In the entries below, filter for the word "zscale" and copy every matching line.

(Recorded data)
————————

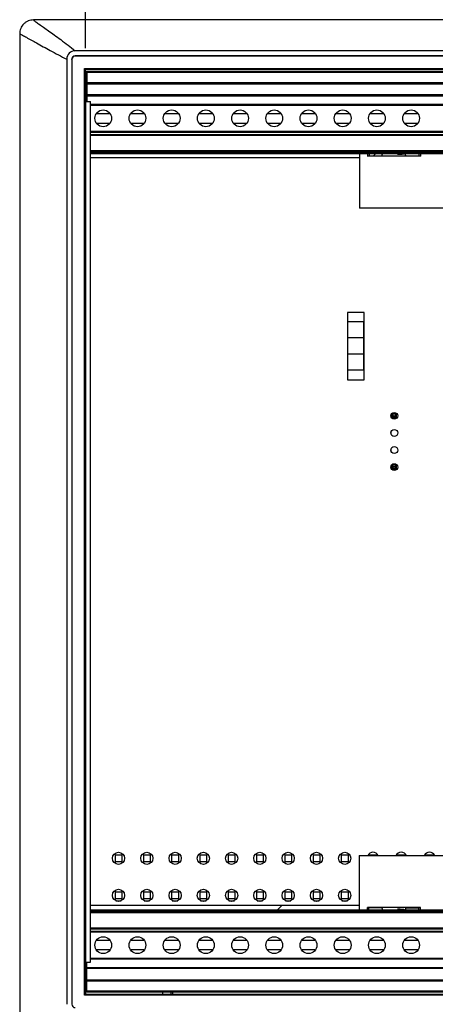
# Model space of a CAD drawing. Header units: inches. Extents: x 0 to 34, y 0 to 22.
# Tile 14 of 37: x 5.4 to 6.7, y 13.2 to 16. Entities that reach past the tile are written whole.
import ezdxf

# ---------------------------------------------------------------- set-up
doc = ezdxf.new("R2010")
doc.units = ezdxf.units.IN
doc.header["$LTSCALE"] = 1.87
doc.header["$MEASUREMENT"] = 0
doc.layers.get('0').update_dxf_attribs({"linetype": 'CONTINUOUS'})
for name, color, linetype in [('02___PRT_ALL_AXES', 7, 'CONTINUOUS'), ('0_COMPONENTS', 7, 'CONTINUOUS'), ('DIMENSIONS', 7, 'CONTINUOUS')]:
    doc.layers.add(name, color=color, linetype=linetype)
doc.styles.get("Standard").update_dxf_attribs({"font": 'txt', "width": 0.8})
doc.dimstyles.new('DIMSTYLE_1', dxfattribs={"dimtxt": 0.125, "dimasz": 0.18, "dimexe": 0.18, "dimexo": 0.0625, "dimgap": 0.09, "dimtad": 0, "dimtih": 1, "dimtoh": 1, "dimlfac": 2, "dimzin": 4, "dimdsep": 46, "dimtxsty": 'STANDARD', "dimblk": '_FILLED', "dimblk1": '_FILLED', "dimblk2": '_FILLED', "dimcen": 0.09, "dimadec": 0, "dimazin": 0, "dimtfac": 1, "dimtofl": 0, "dimtmove": 0, "dimatfit": 3, "dimldrblk": '_FILLED', "dimfxl": 1, "dimtolj": 1, "dimtzin": 4, "dimarcsym": 0})

# ---------------------------------------------------------------- blocks, each defined once
blk = doc.blocks.new('_FILLED')
at = {"color": 0, "linetype": 'BYBLOCK'}
blk.add_solid([(0, 0), (-1, 0.174), (-1, -0.174)], dxfattribs=at)
blk = doc.blocks.new('*D16')
at = {"layer": 'DIMENSIONS', "color": 2, "linetype": 'CONTINUOUS'}
for p, q in [((5.6385, 15.9529), (5.6385, 17.0744)), ((8.4435, 15.9529), (8.4435, 17.0744)), ((5.6385, 16.9494), (6.366, 16.9494)), ((8.4435, 16.9494), (7.716, 16.9494))]:
    blk.add_line(p, q, dxfattribs=at)
at = {"layer": 'DIMENSIONS', "color": 2, "linetype": 'CONTINUOUS', "xscale": 0.18, "yscale": 0.18, "zscale": 0.18, "rotation": 180}
blk.add_blockref('_FILLED', (5.6385, 16.9494), dxfattribs=at)
at = {"layer": 'DIMENSIONS', "color": 2, "linetype": 'CONTINUOUS', "xscale": 0.18, "yscale": 0.18, "zscale": 0.18}
blk.add_blockref('_FILLED', (8.4435, 16.9494), dxfattribs=at)
at = {"layer": 'DIMENSIONS', "color": 2, "linetype": 'CONTINUOUS', "insert": (7.041, 17.0119), "char_height": 0.125, "width": 1.225, "attachment_point": 2, "line_spacing_factor": 0.9}
blk.add_mtext('5.61{\\Ftxt.shx;\\W1.000000;\\H0.125000; }[142.5]', dxfattribs=at)

msp = doc.modelspace()

# ---------------------------------------------------------------- linework, layer by layer
at = {"color": 7, "linetype": 'CONTINUOUS'}
for p, q in [((8.59651, 16.03543), (5.48651, 16.03543)), ((5.44651, 15.99543), (5.44651, 12.91893)), ((5.60901, 15.94517), (5.60901, 15.94543)), ((8.47401, 15.94543), (5.60901, 15.94543)), ((5.58401, 15.92043), (5.58401, 13.15843)), ((5.58427, 15.92043), (5.58401, 15.92043)), ((5.59859, 15.92036), (5.59859, 13.1585)), ((5.59885, 15.92009), (5.59859, 15.92036)), ((5.59885, 15.92009), (5.59885, 13.15876)), ((5.60885, 15.93009), (5.60859, 15.93036)), ((8.47344, 15.93036), (5.60859, 15.93036)), ((8.47318, 15.93009), (5.60885, 15.93009)), ((5.63568, 13.18559), (5.63568, 15.89327)), ((5.63851, 15.89043), (5.63568, 15.89327)), ((5.63568, 15.89327), (8.44635, 15.89327)), ((5.63851, 15.89043), (5.63851, 13.18843)), ((8.44351, 15.89043), (5.63851, 15.89043)), ((5.64376, 15.79693), (5.64376, 15.88545)), ((5.64376, 15.88545), (8.43876, 15.88545)), ((5.64376, 15.88295), (8.43876, 15.88295)), ((5.64376, 15.85295), (8.43876, 15.85295)), ((5.64376, 15.85045), (8.43876, 15.85045)), ((8.43876, 15.84795), (5.64376, 15.84795)), ((5.64376, 15.80695), (5.63851, 15.80695)), ((5.64376, 15.81795), (8.43876, 15.81795)), ((5.64376, 15.81545), (8.43876, 15.81545)), ((8.43876, 15.81295), (5.64376, 15.81295)), ((5.65401, 15.7892), (8.43876, 15.7892)), ((5.65401, 15.7867), (8.43876, 15.7867)), ((5.67061, 15.7617), (5.71092, 15.7617)), ((5.77061, 15.7617), (5.81092, 15.7617)), ((5.87061, 15.7617), (5.91092, 15.7617)), ((5.97061, 15.7617), (6.01092, 15.7617)), ((6.07061, 15.7617), (6.11092, 15.7617)), ((6.17061, 15.7617), (6.21092, 15.7617)), ((6.27061, 15.7617), (6.31092, 15.7617)), ((6.37061, 15.7617), (6.41092, 15.7617)), ((6.47061, 15.7617), (6.51092, 15.7617)), ((6.57061, 15.7617), (6.61092, 15.7617)), ((5.67061, 15.7342), (5.71092, 15.7342)), ((5.77061, 15.7342), (5.81092, 15.7342)), ((5.87061, 15.7342), (5.91092, 15.7342)), ((5.97061, 15.7342), (6.01092, 15.7342)), ((6.07061, 15.7342), (6.11092, 15.7342)), ((6.17061, 15.7342), (6.21092, 15.7342)), ((6.27061, 15.7342), (6.31092, 15.7342)), ((6.37061, 15.7342), (6.41092, 15.7342)), ((6.47061, 15.7342), (6.51092, 15.7342)), ((6.57061, 15.7342), (6.61092, 15.7342)), ((8.43876, 15.7092), (5.65401, 15.7092)), ((8.43876, 15.7067), (5.65401, 15.7067)), ((5.65401, 15.70095), (8.43876, 15.70095)), ((5.65401, 15.69845), (8.43876, 15.69845)), ((8.43876, 15.65295), (5.65401, 15.65295)), ((8.43876, 15.65045), (5.65401, 15.65045)), ((8.43876, 15.64695), (5.65401, 15.64695)), ((8.43876, 15.64445), (5.65401, 15.64445)), ((6.43976, 15.64445), (6.43976, 15.48567)), ((6.46294, 15.64445), (6.46294, 15.63748)), ((6.46294, 15.63748), (6.46789, 15.63863)), ((6.61809, 15.63748), (6.46294, 15.63748)), ((6.46789, 15.64407), (6.46789, 15.63863)), ((6.46792, 15.63853), (6.46789, 15.63863)), ((6.46792, 15.63853), (6.50535, 15.63853)), ((6.50535, 15.63853), (6.50733, 15.64445)), ((6.57567, 15.63853), (6.5737, 15.64445)), ((6.57567, 15.63853), (6.61358, 15.63853)), ((6.61358, 15.6441), (6.61358, 15.63853)), ((6.61358, 15.63853), (6.61809, 15.63748)), ((6.61809, 15.64445), (6.61809, 15.63748)), ((6.84177, 15.48567), (6.43976, 15.48567)), ((6.40441, 15.18088), (6.40441, 14.98403)), ((6.45362, 15.18088), (6.40441, 15.18088)), ((6.45362, 14.98403), (6.45362, 15.18088)), ((6.40539, 15.01159), (6.40539, 15.15332)), ((6.45264, 15.15332), (6.40539, 15.15332)), ((6.45264, 15.01159), (6.45264, 15.15332)), ((6.45264, 15.10607), (6.40539, 15.10607)), ((6.45264, 15.05883), (6.40539, 15.05883)), ((6.45264, 15.01159), (6.40539, 15.01159)), ((6.40441, 14.98403), (6.45362, 14.98403)), ((6.53214, 14.87571), (6.53214, 14.88119)), ((6.53489, 14.88508), (6.53489, 14.87183)), ((6.54814, 14.88508), (6.53489, 14.88508)), ((6.53489, 14.88508), (6.53851, 14.88145)), ((6.53851, 14.87545), (6.53851, 14.88145)), ((6.53851, 14.88145), (6.54451, 14.88145)), ((6.54451, 14.88145), (6.54814, 14.88508)), ((6.54451, 14.88145), (6.54451, 14.87545)), ((6.54814, 14.87183), (6.54814, 14.88508)), ((6.53851, 14.87545), (6.53489, 14.87183)), ((6.54814, 14.87183), (6.53489, 14.87183)), ((6.54451, 14.87545), (6.53851, 14.87545)), ((6.54451, 14.87545), (6.54814, 14.87183)), ((6.53214, 14.82571), (6.53214, 14.83119)), ((6.53214, 14.77571), (6.53214, 14.78119)), ((6.53489, 14.73508), (6.53489, 14.72183)), ((6.54814, 14.73508), (6.53489, 14.73508)), ((6.53489, 14.73508), (6.53851, 14.73145)), ((6.54451, 14.73145), (6.54814, 14.73508)), ((6.54814, 14.72183), (6.54814, 14.73508)), ((6.53214, 14.72571), (6.53214, 14.73119)), ((6.53851, 14.72545), (6.53489, 14.72183)), ((6.54814, 14.72183), (6.53489, 14.72183)), ((6.53851, 14.72545), (6.53851, 14.73145)), ((6.53851, 14.73145), (6.54451, 14.73145)), ((6.54451, 14.72545), (6.53851, 14.72545)), ((6.54451, 14.73145), (6.54451, 14.72545)), ((6.54451, 14.72545), (6.54814, 14.72183)), ((5.72537, 13.59526), (5.74506, 13.59526)), ((5.72537, 13.59526), (5.72537, 13.57104)), ((5.74506, 13.59526), (5.74506, 13.57064)), ((5.80805, 13.59526), (5.82773, 13.59526)), ((5.80805, 13.59526), (5.80805, 13.57102)), ((5.82773, 13.59526), (5.82773, 13.57066)), ((5.89073, 13.59526), (5.91041, 13.59526)), ((5.89073, 13.59526), (5.89073, 13.571)), ((5.91041, 13.59526), (5.91041, 13.57068)), ((5.9734, 13.59526), (5.99309, 13.59526)), ((5.9734, 13.59526), (5.9734, 13.57099)), ((5.99309, 13.59526), (5.99309, 13.5707)), ((6.05608, 13.59526), (6.07577, 13.59526)), ((6.05608, 13.59526), (6.05608, 13.57097)), ((6.07577, 13.59526), (6.07577, 13.57071)), ((6.13876, 13.59526), (6.15844, 13.59526)), ((6.13876, 13.59526), (6.13876, 13.57095)), ((6.15844, 13.59526), (6.15844, 13.57073)), ((6.22143, 13.59526), (6.24112, 13.59526)), ((6.22143, 13.59526), (6.22143, 13.57093)), ((6.24112, 13.59526), (6.24112, 13.57075)), ((6.30411, 13.59526), (6.3238, 13.59526)), ((6.30411, 13.59526), (6.30411, 13.57091)), ((6.3238, 13.59526), (6.3238, 13.57077)), ((6.38679, 13.59526), (6.40647, 13.59526)), ((6.38679, 13.59526), (6.38679, 13.5709)), ((6.40647, 13.59526), (6.40647, 13.57079)), ((6.43926, 13.59374), (6.84127, 13.59374)), ((6.43926, 13.59374), (6.43926, 13.43495)), ((6.46947, 13.59526), (6.48915, 13.59526)), ((6.46947, 13.59526), (6.46947, 13.59374)), ((6.48915, 13.59526), (6.48915, 13.59374)), ((6.55214, 13.59526), (6.57183, 13.59526)), ((6.55214, 13.59526), (6.55214, 13.59374)), ((6.57183, 13.59526), (6.57183, 13.59374)), ((6.63482, 13.59526), (6.65451, 13.59526)), ((6.63482, 13.59526), (6.63482, 13.59374)), ((6.65451, 13.59526), (6.65451, 13.59374)), ((5.72537, 13.57558), (5.74506, 13.57558)), ((5.80805, 13.57558), (5.82773, 13.57558)), ((5.89073, 13.57558), (5.91041, 13.57558)), ((5.9734, 13.57558), (5.99309, 13.57558)), ((6.05608, 13.57558), (6.07577, 13.57558)), ((6.13876, 13.57558), (6.15844, 13.57558)), ((6.22143, 13.57558), (6.24112, 13.57558)), ((6.30411, 13.57558), (6.3238, 13.57558)), ((6.38679, 13.57558), (6.40647, 13.57558)), ((5.72537, 13.49111), (5.72537, 13.46279)), ((5.72537, 13.487), (5.74506, 13.487)), ((5.74506, 13.49151), (5.74506, 13.46239)), ((5.80805, 13.49113), (5.80805, 13.46277)), ((5.80805, 13.487), (5.82773, 13.487)), ((5.82773, 13.49149), (5.82773, 13.46241)), ((5.89073, 13.49115), (5.89073, 13.46275)), ((5.89073, 13.487), (5.91041, 13.487)), ((5.91041, 13.49148), (5.91041, 13.46243)), ((5.9734, 13.49117), (5.9734, 13.46274)), ((5.9734, 13.487), (5.99309, 13.487)), ((5.99309, 13.49146), (5.99309, 13.46245)), ((6.05608, 13.49119), (6.05608, 13.46272)), ((6.05608, 13.487), (6.07577, 13.487)), ((6.07577, 13.49144), (6.07577, 13.46246)), ((6.13876, 13.4912), (6.13876, 13.4627)), ((6.13876, 13.487), (6.15844, 13.487)), ((6.15844, 13.49142), (6.15844, 13.46248)), ((6.22143, 13.49122), (6.22143, 13.46268)), ((6.22143, 13.487), (6.24112, 13.487)), ((6.24112, 13.4914), (6.24112, 13.4625)), ((6.30411, 13.49124), (6.30411, 13.46266)), ((6.30411, 13.487), (6.3238, 13.487)), ((6.3238, 13.49139), (6.3238, 13.46252)), ((6.38679, 13.49126), (6.38679, 13.46265)), ((6.38679, 13.487), (6.40647, 13.487)), ((6.40647, 13.49137), (6.40647, 13.46254)), ((5.72537, 13.46731), (5.74506, 13.46731)), ((5.72745, 13.4614), (5.74358, 13.4614)), ((5.80805, 13.46731), (5.82773, 13.46731)), ((5.8101, 13.4614), (5.82623, 13.4614)), ((5.89073, 13.46731), (5.91041, 13.46731)), ((5.89275, 13.4614), (5.90888, 13.4614)), ((5.9734, 13.46731), (5.99309, 13.46731)), ((5.9754, 13.4614), (5.99153, 13.4614)), ((6.05608, 13.46731), (6.07577, 13.46731)), ((6.05805, 13.4614), (6.07418, 13.4614)), ((6.13876, 13.46731), (6.15844, 13.46731)), ((6.1407, 13.4614), (6.15683, 13.4614)), ((6.22143, 13.46731), (6.24112, 13.46731)), ((6.22335, 13.4614), (6.23948, 13.4614)), ((6.30411, 13.46731), (6.3238, 13.46731)), ((6.306, 13.4614), (6.32213, 13.4614)), ((6.38679, 13.46731), (6.40647, 13.46731)), ((6.38865, 13.4614), (6.40478, 13.4614)), ((6.61809, 13.44192), (6.46294, 13.44192)), ((6.46294, 13.44192), (6.46745, 13.44088)), ((6.46294, 13.43495), (6.46294, 13.44192)), ((6.50535, 13.44088), (6.46742, 13.44088)), ((6.46742, 13.4353), (6.46742, 13.44088)), ((6.50535, 13.44088), (6.50733, 13.43495)), ((6.57567, 13.44088), (6.5737, 13.43495)), ((6.57567, 13.44088), (6.61358, 13.44088)), ((6.61358, 13.44088), (6.61809, 13.44192)), ((6.61358, 13.4353), (6.61358, 13.44088)), ((6.61809, 13.43495), (6.61809, 13.44192)), ((5.65401, 13.43495), (8.43826, 13.43495)), ((5.65401, 13.43245), (8.43826, 13.43245)), ((5.65401, 13.42895), (8.43826, 13.42895)), ((5.65401, 13.42645), (8.43826, 13.42645)), ((8.43826, 13.38095), (5.65401, 13.38095)), ((8.43826, 13.37845), (5.65401, 13.37845)), ((5.65401, 13.3727), (8.43826, 13.3727)), ((5.65401, 13.3702), (8.43826, 13.3702)), ((5.71092, 13.3452), (5.67061, 13.3452)), ((5.81092, 13.3452), (5.77061, 13.3452)), ((5.91092, 13.3452), (5.87061, 13.3452)), ((6.01092, 13.3452), (5.97061, 13.3452)), ((6.11092, 13.3452), (6.07061, 13.3452)), ((6.21092, 13.3452), (6.17061, 13.3452)), ((6.31092, 13.3452), (6.27061, 13.3452)), ((6.41092, 13.3452), (6.37061, 13.3452)), ((6.51092, 13.3452), (6.47061, 13.3452)), ((6.61092, 13.3452), (6.57061, 13.3452)), ((5.71092, 13.3177), (5.67061, 13.3177)), ((5.81092, 13.3177), (5.77061, 13.3177)), ((5.91092, 13.3177), (5.87061, 13.3177)), ((6.01092, 13.3177), (5.97061, 13.3177)), ((6.11092, 13.3177), (6.07061, 13.3177)), ((6.21092, 13.3177), (6.17061, 13.3177)), ((6.31092, 13.3177), (6.27061, 13.3177)), ((6.41092, 13.3177), (6.37061, 13.3177)), ((6.51092, 13.3177), (6.47061, 13.3177)), ((6.61092, 13.3177), (6.57061, 13.3177)), ((5.63851, 13.27095), (5.64326, 13.27095)), ((5.64326, 13.26429), (5.64326, 13.28193)), ((5.64326, 13.26645), (8.43826, 13.26645)), ((8.43826, 13.2927), (5.65401, 13.2927)), ((8.43826, 13.2902), (5.65401, 13.2902)), ((5.64326, 13.26395), (8.43826, 13.26395)), ((5.64326, 13.19395), (5.64326, 13.26395)), ((8.43826, 13.22895), (5.64326, 13.22895)), ((8.43826, 13.22645), (5.64326, 13.22645)), ((5.63851, 13.18843), (5.63568, 13.18559)), ((8.44635, 13.18559), (5.63568, 13.18559)), ((5.63851, 13.18843), (8.44351, 13.18843)), ((8.43826, 13.19645), (5.64326, 13.19645)), ((8.43826, 13.19395), (5.64326, 13.19395)), ((5.86541, 13.18843), (5.86541, 13.19395)), ((5.89441, 13.18843), (5.89441, 13.19395)), ((5.59885, 13.15876), (5.59859, 13.1585))]:
    msp.add_line(p, q, dxfattribs=at)
at = {"color": 3, "linetype": 'CONTINUOUS'}
msp.add_line((5.88941, 13.18843), (5.88941, 13.19395), dxfattribs=at)
at = {"color": 7, "linetype": 'CONTINUOUS'}
for centre in [(5.69076, 15.74795), (5.79076, 15.74795), (5.89076, 15.74795), (5.99076, 15.74795), (6.09076, 15.74795), (6.19076, 15.74795), (6.29076, 15.74795), (6.39076, 15.74795), (6.49076, 15.74795), (6.59076, 15.74795), (5.69076, 13.33145), (5.79076, 13.33145), (5.89076, 13.33145), (5.99076, 13.33145), (6.09076, 13.33145), (6.19076, 13.33145), (6.29076, 13.33145), (6.39076, 13.33145), (6.49076, 13.33145), (6.59076, 13.33145)]:
    msp.add_circle(centre, 0.0245, dxfattribs=at)
msp.add_arc((5.60901, 15.92043), 0.025, 90, 180, dxfattribs=at)
for centre, major_axis, ratio, start_param, end_param in [((5.60859, 15.92035), (-0.00707, 0.00707), 0.9996955, -0.7852459, 0.7852459), ((5.60885, 15.92009), (-0.00707, 0.00707), 0.9996955, -0.7852459, 0.7852459), ((6.54051, 15.64445), (0.03, 0), 0.0524078, -1.225954, -0.0000023), ((6.54051, 13.43495), (0.03, 0), 0.0524078, 0.0000023, 1.225954), ((5.60885, 13.15877), (-0.00707, -0.00707), 0.9996955, -0.7852459, 0.7852459)]:
    msp.add_ellipse(centre, major_axis=major_axis, ratio=ratio, start_param=start_param, end_param=end_param, dxfattribs=at)
for points, knots in [([(5.48651, 16.03543), (5.48149, 16.03543), (5.4737, 16.03394), (5.46442, 16.02909), (5.45599, 16.02231), (5.45009, 16.013), (5.44707, 16.00299), (5.44651, 15.9979), (5.44651, 15.99543)], [0, 0, 0, 0, 0.2407643, 0.3694125, 0.4996788, 0.756448, 0.8813246, 1, 1, 1, 1]), ([(5.48651, 16.03543), (5.48895, 16.03352), (5.49474, 16.02925), (5.50471, 16.02215), (5.51706, 16.01343), (5.53166, 16.00309), (5.54836, 15.99109), (5.57455, 15.97192), (5.59493, 15.95643), (5.60901, 15.94543)], [0, 0, 0, 0, 0.0611325, 0.1418705, 0.2415423, 0.3594593, 0.4949343, 0.6472903, 1, 1, 1, 1]), ([(5.44651, 15.99543), (5.44933, 15.99393), (5.45584, 15.99039), (5.47227, 15.98131), (5.49903, 15.96644), (5.5383, 15.94489), (5.56776, 15.92906), (5.58401, 15.92043)], [0, 0, 0, 0, 0.0611191, 0.1418881, 0.359581, 0.647479, 1, 1, 1, 1])]:
    msp.add_open_spline(points, degree=3, knots=knots, dxfattribs=at)
at = {"layer": '02___PRT_ALL_AXES', "color": 7, "linetype": 'CONTINUOUS'}
for p, q in [((5.63851, 15.79693), (5.65401, 15.79693)), ((5.65401, 13.28193), (5.65401, 15.79693)), ((5.63851, 13.28193), (5.65401, 13.28193))]:
    msp.add_line(p, q, dxfattribs=at)
at = {"layer": '0_COMPONENTS', "color": 7, "linetype": 'CONTINUOUS'}
msp.add_line((5.63901, 15.81595), (5.63901, 15.89043), dxfattribs=at)
at = {"layer": '0_COMPONENTS', "color": 4, "linetype": 'CONTINUOUS'}
for p, q in [((5.63901, 15.81595), (5.63901, 15.80695)), ((5.64376, 15.81595), (5.63901, 15.81595)), ((5.65401, 15.63345), (6.43976, 15.63345)), ((5.65401, 13.44845), (6.43926, 13.44845))]:
    msp.add_line(p, q, dxfattribs=at)
at = {"layer": '0_COMPONENTS', "color": 2, "linetype": 'CONTINUOUS'}
for p, q in [((6.48063, 15.63853), (6.48655, 15.64445)), ((6.20038, 13.43495), (6.21388, 13.44845))]:
    msp.add_line(p, q, dxfattribs=at)
at = {"layer": '0_COMPONENTS', "color": 7, "linetype": 'CONTINUOUS'}
for centre, radius in [((6.54151, 14.87845), 0.01), ((6.54151, 14.82845), 0.01), ((6.54151, 14.77845), 0.01), ((6.54151, 14.72845), 0.01), ((5.73551, 13.5852), 0.01775), ((5.81816, 13.5852), 0.01775), ((5.90081, 13.5852), 0.01775), ((5.98346, 13.5852), 0.01775), ((6.06611, 13.5852), 0.01775), ((6.14876, 13.5852), 0.01775), ((6.23141, 13.5852), 0.01775), ((6.31406, 13.5852), 0.01775), ((6.39671, 13.5852), 0.01775), ((5.73551, 13.47695), 0.01775), ((5.81816, 13.47695), 0.01775), ((5.90081, 13.47695), 0.01775), ((5.98346, 13.47695), 0.01775), ((6.06611, 13.47695), 0.01775), ((6.14876, 13.47695), 0.01775), ((6.23141, 13.47695), 0.01775), ((6.31406, 13.47695), 0.01775), ((6.39671, 13.47695), 0.01775)]:
    msp.add_circle(centre, radius, dxfattribs=at)
for centre in [(6.47936, 13.5852), (6.56201, 13.5852), (6.64466, 13.5852)]:
    msp.add_arc(centre, 0.01775, 29.26107, 150.73893, dxfattribs=at)

# ---------------------------------------------------------------- dimensions: what is measured, and where the dimension line sits
at = {"layer": 'DIMENSIONS', "color": 2, "linetype": 'CONTINUOUS'}
dim = msp.add_linear_dim(base=(8.44351, 16.94943), p1=(5.63851, 15.95293), p2=(8.44351, 15.95293), dimstyle='DIMSTYLE_1', dxfattribs=at)
dim.commit()
dim.dimension.update_dxf_attribs({"geometry": '*D16', "text_midpoint": (6.91601, 16.94943), "dimtype": 160})

doc.saveas('drawing.dxf')

————————

RESPONSE AREA:
at = {"layer": 'DIMENSIONS', "color": 2, "linetype": 'CONTINUOUS', "xscale": 0.18, "yscale": 0.18, "zscale": 0.18, "rotation": 180}
at = {"layer": 'DIMENSIONS', "color": 2, "linetype": 'CONTINUOUS', "xscale": 0.18, "yscale": 0.18, "zscale": 0.18}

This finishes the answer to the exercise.